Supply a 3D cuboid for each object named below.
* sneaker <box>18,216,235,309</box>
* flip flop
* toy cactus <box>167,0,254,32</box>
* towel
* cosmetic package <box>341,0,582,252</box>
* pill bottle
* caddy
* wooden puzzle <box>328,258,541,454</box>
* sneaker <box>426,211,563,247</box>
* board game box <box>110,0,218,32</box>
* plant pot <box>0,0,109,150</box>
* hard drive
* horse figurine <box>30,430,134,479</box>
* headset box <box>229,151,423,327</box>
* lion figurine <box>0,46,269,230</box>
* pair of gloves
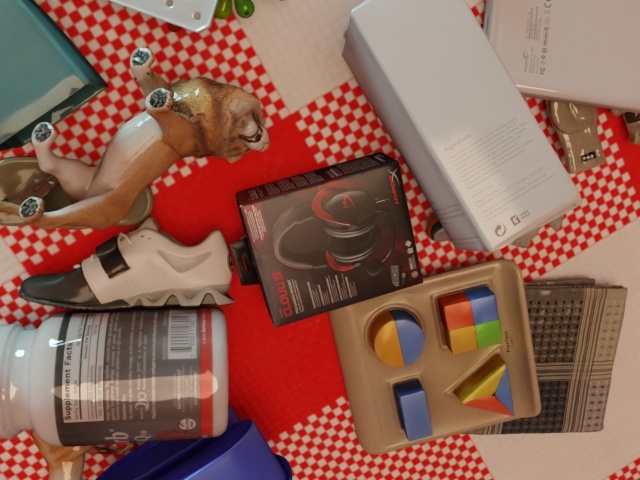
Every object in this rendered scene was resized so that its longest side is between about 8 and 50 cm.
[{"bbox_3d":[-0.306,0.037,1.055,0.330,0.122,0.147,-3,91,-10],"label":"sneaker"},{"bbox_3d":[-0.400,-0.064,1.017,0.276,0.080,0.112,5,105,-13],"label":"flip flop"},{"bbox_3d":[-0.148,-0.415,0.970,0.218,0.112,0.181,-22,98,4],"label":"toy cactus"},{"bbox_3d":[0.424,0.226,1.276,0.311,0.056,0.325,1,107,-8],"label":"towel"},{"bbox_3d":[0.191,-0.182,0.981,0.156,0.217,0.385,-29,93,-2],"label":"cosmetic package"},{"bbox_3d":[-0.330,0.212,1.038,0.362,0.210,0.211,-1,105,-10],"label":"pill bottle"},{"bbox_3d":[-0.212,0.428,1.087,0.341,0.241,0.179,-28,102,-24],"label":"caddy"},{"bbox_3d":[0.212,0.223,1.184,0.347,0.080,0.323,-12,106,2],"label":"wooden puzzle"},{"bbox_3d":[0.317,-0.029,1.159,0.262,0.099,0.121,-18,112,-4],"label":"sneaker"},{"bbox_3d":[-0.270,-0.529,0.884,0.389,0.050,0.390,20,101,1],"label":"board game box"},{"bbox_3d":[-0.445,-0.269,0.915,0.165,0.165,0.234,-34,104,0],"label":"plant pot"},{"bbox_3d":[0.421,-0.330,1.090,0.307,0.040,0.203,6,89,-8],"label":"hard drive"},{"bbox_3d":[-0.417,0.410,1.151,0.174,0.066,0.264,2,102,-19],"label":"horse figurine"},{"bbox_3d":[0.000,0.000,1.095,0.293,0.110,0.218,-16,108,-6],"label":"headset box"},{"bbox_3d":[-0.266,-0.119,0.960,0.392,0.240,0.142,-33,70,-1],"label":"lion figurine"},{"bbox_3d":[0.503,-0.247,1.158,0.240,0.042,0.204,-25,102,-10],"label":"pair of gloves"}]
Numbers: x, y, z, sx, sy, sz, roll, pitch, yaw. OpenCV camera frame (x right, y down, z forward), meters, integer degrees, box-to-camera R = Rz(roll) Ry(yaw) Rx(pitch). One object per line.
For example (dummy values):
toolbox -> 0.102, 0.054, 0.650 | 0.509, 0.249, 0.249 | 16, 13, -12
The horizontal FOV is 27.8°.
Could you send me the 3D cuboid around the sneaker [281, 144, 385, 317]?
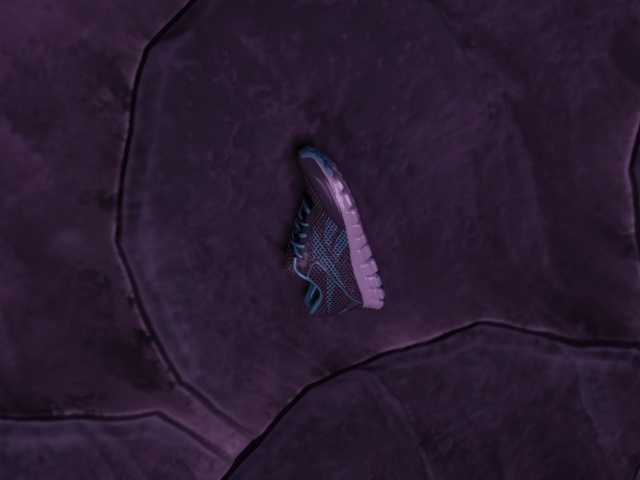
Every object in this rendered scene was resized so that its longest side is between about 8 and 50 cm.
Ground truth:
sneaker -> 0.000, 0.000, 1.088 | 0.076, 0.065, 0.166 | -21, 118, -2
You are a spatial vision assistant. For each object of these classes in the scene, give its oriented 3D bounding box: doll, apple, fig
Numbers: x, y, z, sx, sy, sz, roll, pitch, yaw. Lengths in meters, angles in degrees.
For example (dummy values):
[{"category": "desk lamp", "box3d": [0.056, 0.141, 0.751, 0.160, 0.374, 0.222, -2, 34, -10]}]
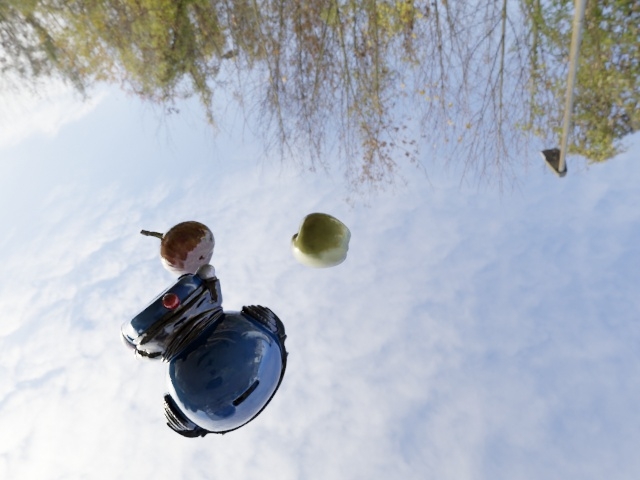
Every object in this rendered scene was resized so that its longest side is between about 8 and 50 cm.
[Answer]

::::::

◆ **What the exercise asks**:
Every record above needs to be repeated exactly; pictures are to be left out.

◆ **Response to this task**:
Supply a 3D cuboid for each object named below.
* sneaker <box>18,216,235,309</box>
* flip flop
* toy cactus <box>167,0,254,32</box>
* towel
* cosmetic package <box>341,0,582,252</box>
* pill bottle
* caddy
* wooden puzzle <box>328,258,541,454</box>
* sneaker <box>426,211,563,247</box>
* board game box <box>110,0,218,32</box>
* plant pot <box>0,0,109,150</box>
* hard drive
* horse figurine <box>30,430,134,479</box>
* headset box <box>229,151,423,327</box>
* lion figurine <box>0,46,269,230</box>
* pair of gloves
Every object in this rendered scene was resized so that its longest side is between about 8 and 50 cm.
[{"bbox_3d":[-0.306,0.037,1.055,0.330,0.122,0.147,-3,91,-10],"label":"sneaker"},{"bbox_3d":[-0.400,-0.064,1.017,0.276,0.080,0.112,5,105,-13],"label":"flip flop"},{"bbox_3d":[-0.148,-0.415,0.970,0.218,0.112,0.181,-22,98,4],"label":"toy cactus"},{"bbox_3d":[0.424,0.226,1.276,0.311,0.056,0.325,1,107,-8],"label":"towel"},{"bbox_3d":[0.191,-0.182,0.981,0.156,0.217,0.385,-29,93,-2],"label":"cosmetic package"},{"bbox_3d":[-0.330,0.212,1.038,0.362,0.210,0.211,-1,105,-10],"label":"pill bottle"},{"bbox_3d":[-0.212,0.428,1.087,0.341,0.241,0.179,-28,102,-24],"label":"caddy"},{"bbox_3d":[0.212,0.223,1.184,0.347,0.080,0.323,-12,106,2],"label":"wooden puzzle"},{"bbox_3d":[0.317,-0.029,1.159,0.262,0.099,0.121,-18,112,-4],"label":"sneaker"},{"bbox_3d":[-0.270,-0.529,0.884,0.389,0.050,0.390,20,101,1],"label":"board game box"},{"bbox_3d":[-0.445,-0.269,0.915,0.165,0.165,0.234,-34,104,0],"label":"plant pot"},{"bbox_3d":[0.421,-0.330,1.090,0.307,0.040,0.203,6,89,-8],"label":"hard drive"},{"bbox_3d":[-0.417,0.410,1.151,0.174,0.066,0.264,2,102,-19],"label":"horse figurine"},{"bbox_3d":[0.000,0.000,1.095,0.293,0.110,0.218,-16,108,-6],"label":"headset box"},{"bbox_3d":[-0.266,-0.119,0.960,0.392,0.240,0.142,-33,70,-1],"label":"lion figurine"},{"bbox_3d":[0.503,-0.247,1.158,0.240,0.042,0.204,-25,102,-10],"label":"pair of gloves"}]
Numbers: x, y, z, sx, sy, sz, roll, pitch, yaw. OpenCV camera frame (x right, y down, z forward), meters, integer degrees, box-to-camera R = Rz(roll) Ry(yaw) Rx(pitch). One object per line.
For example (dummy values):
toolbox -> 0.102, 0.054, 0.650 | 0.509, 0.249, 0.249 | 16, 13, -12
The horizontal FOV is 27.8°.
Could you send me the 3D cuboid around the sneaker [281, 144, 385, 317]?
Every object in this rendered scene was resized so that its longest side is between about 8 and 50 cm.
Ground truth:
sneaker -> 0.000, 0.000, 1.088 | 0.076, 0.065, 0.166 | -21, 118, -2
You are a spatial vision assistant. For each object of these classes in the scene, give its oriented 3D bounding box: doll, apple, fig
Numbers: x, y, z, sx, sy, sz, roll, pitch, yaw. Lengths in meters, angles in degrees.
For example (dummy values):
[{"category": "desk lamp", "box3d": [0.056, 0.141, 0.751, 0.160, 0.374, 0.222, -2, 34, -10]}]
Every object in this rendered scene was resized so that its longest side is between about 8 and 50 cm.
[Answer]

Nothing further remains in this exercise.